**What is being asked**
Look below for the line containing "Task: Locate the" and the line containing "Where is the", then set down both and every line between them exactly, without pictures.
START Dataset entries
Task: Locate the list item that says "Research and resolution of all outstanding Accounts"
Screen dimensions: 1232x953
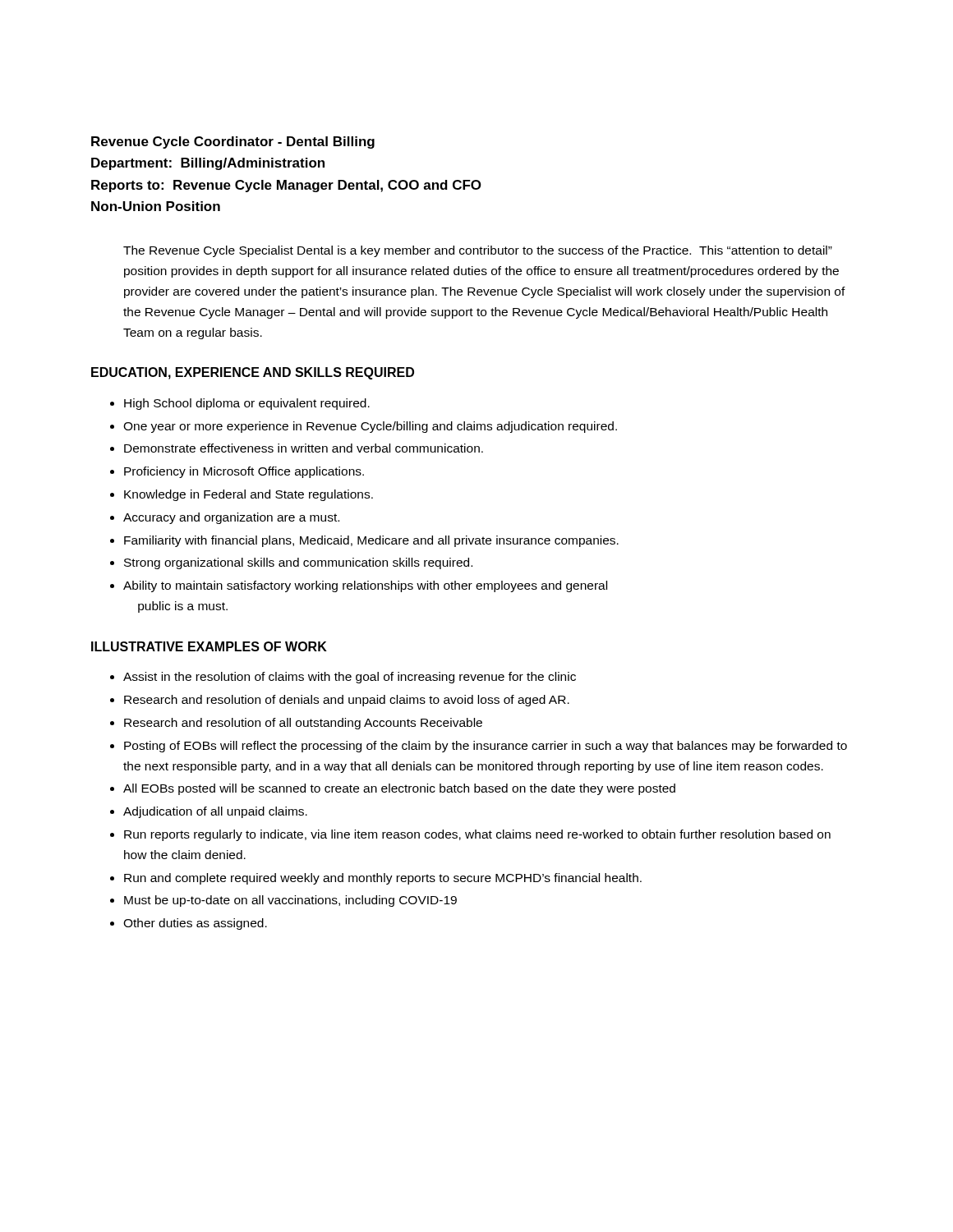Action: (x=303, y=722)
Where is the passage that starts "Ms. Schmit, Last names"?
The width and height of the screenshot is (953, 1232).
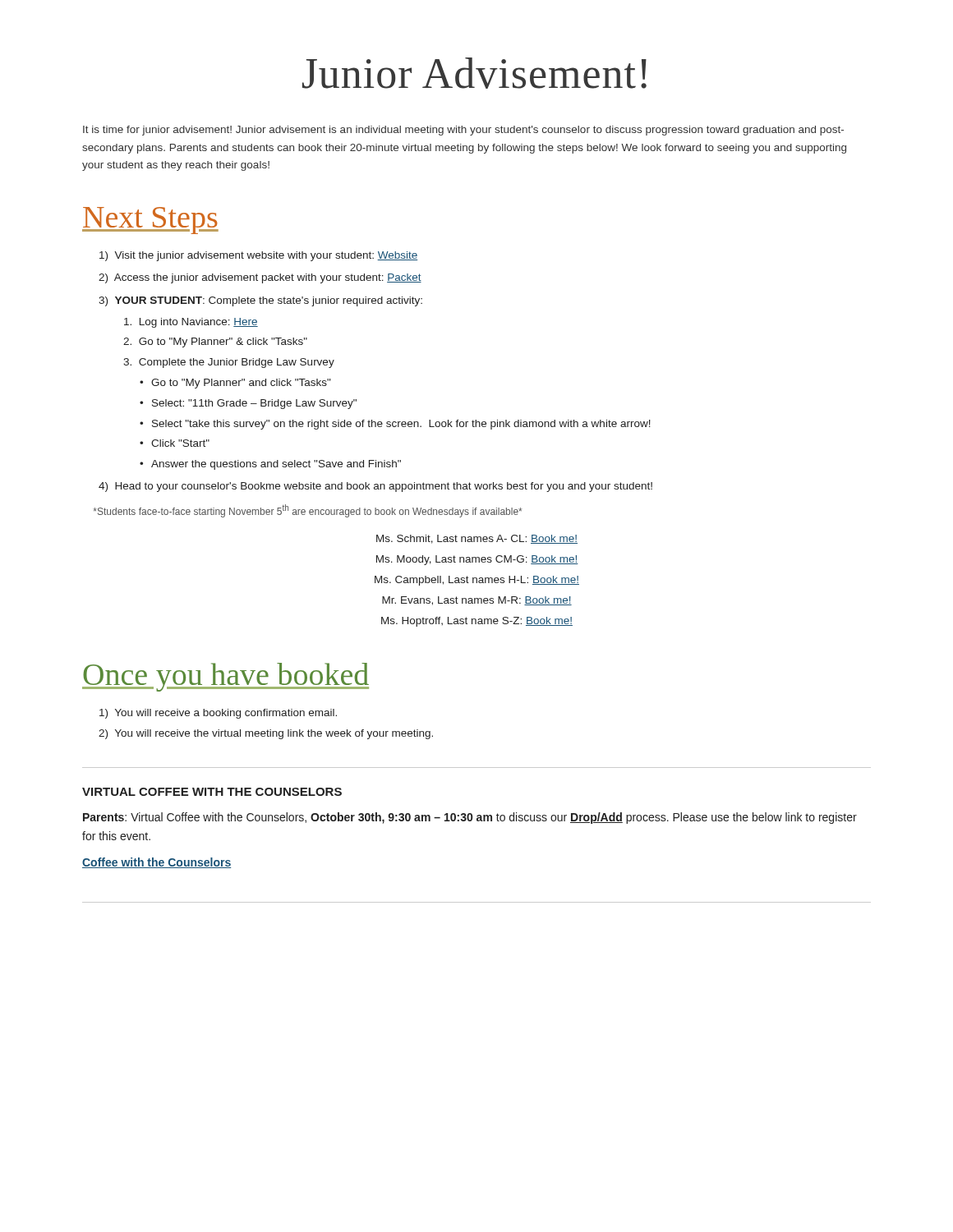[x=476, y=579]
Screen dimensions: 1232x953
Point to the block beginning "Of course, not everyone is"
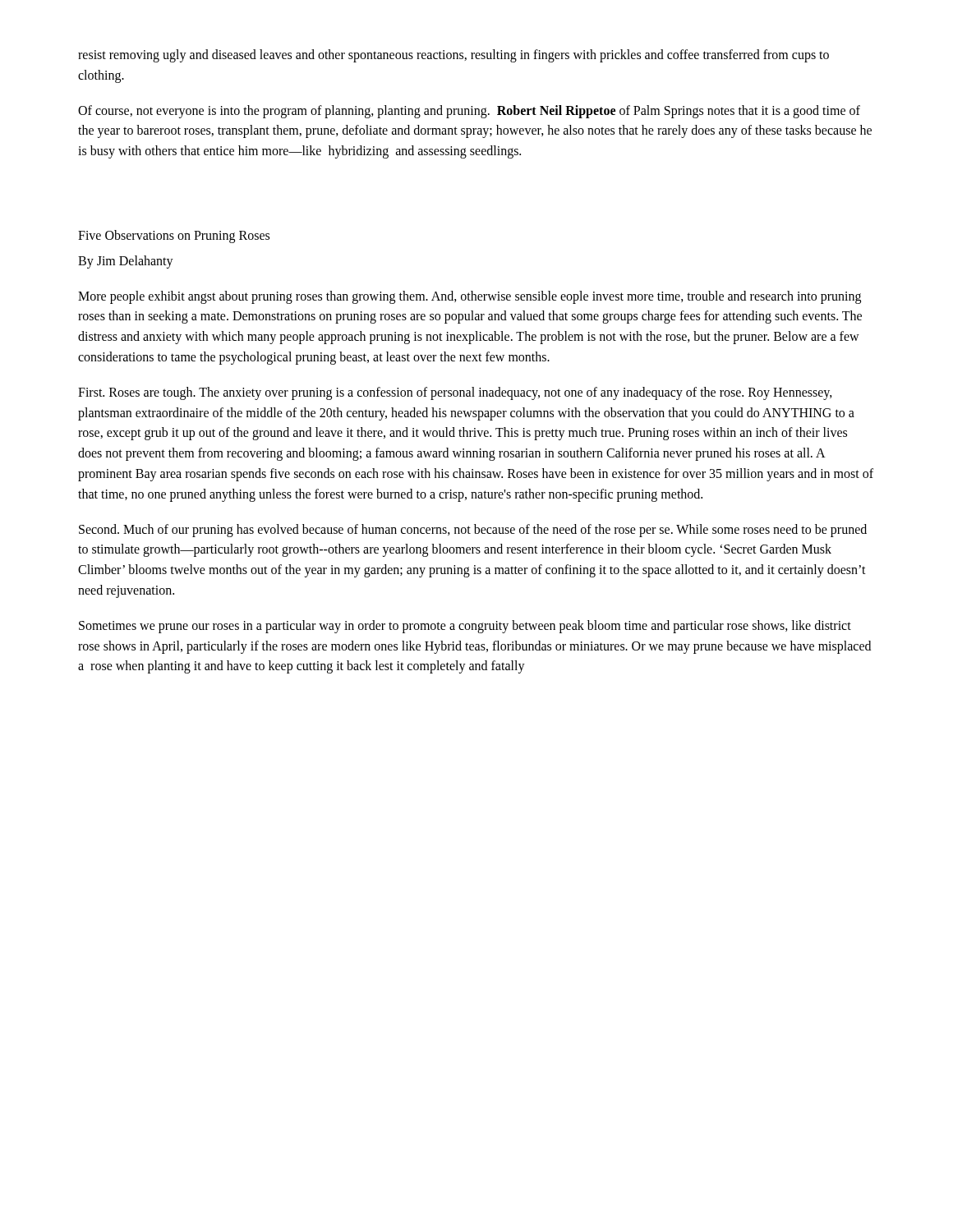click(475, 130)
END Dataset entries
START Dataset entries
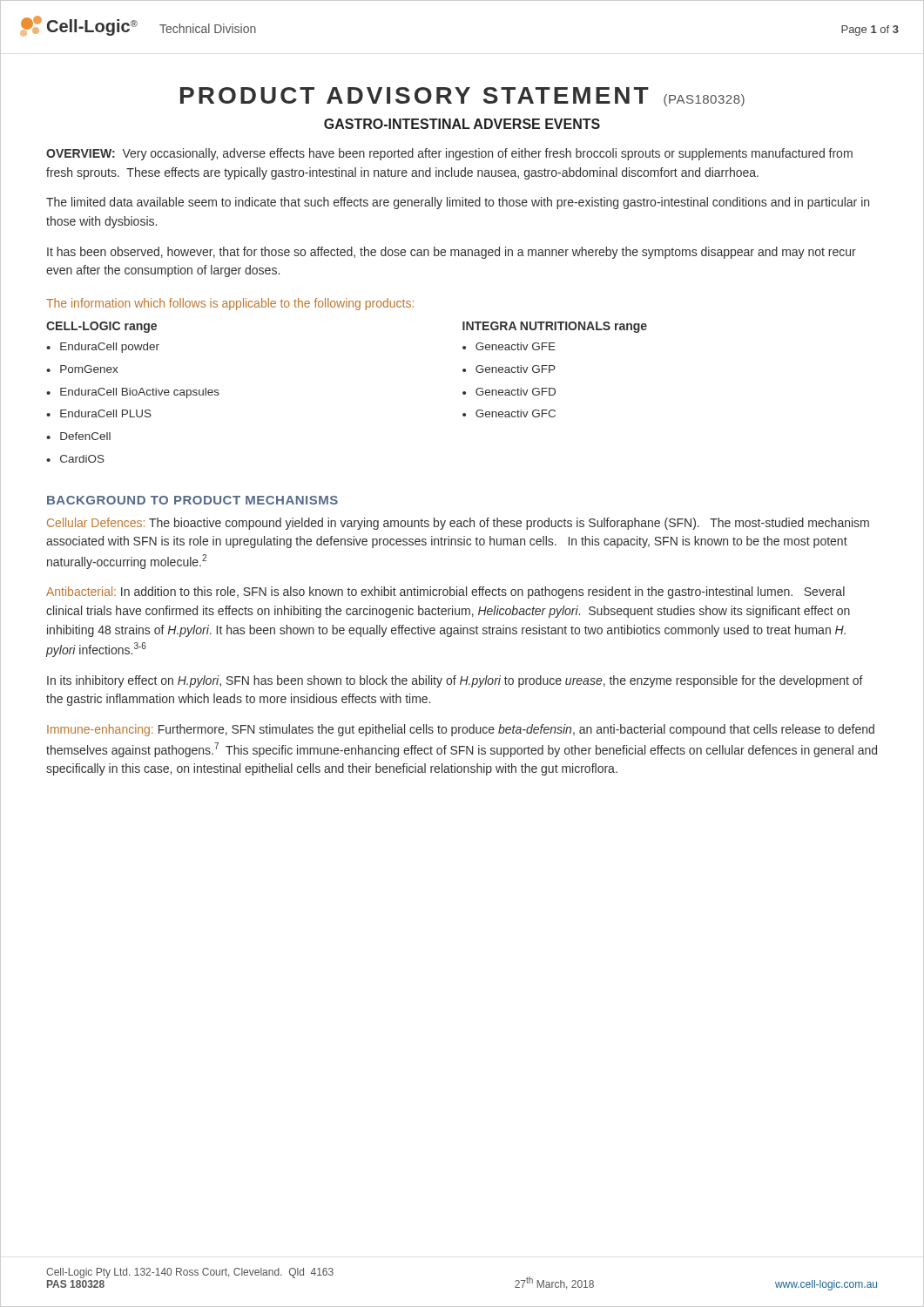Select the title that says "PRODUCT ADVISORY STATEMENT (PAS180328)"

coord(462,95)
END Dataset entries
**Task answer**
Task: Locate the list item that says "Research and resolution of all outstanding Accounts"
Screen dimensions: 1232x953
Action: (x=303, y=722)
Where is the passage that starts "Ms. Schmit, Last names"?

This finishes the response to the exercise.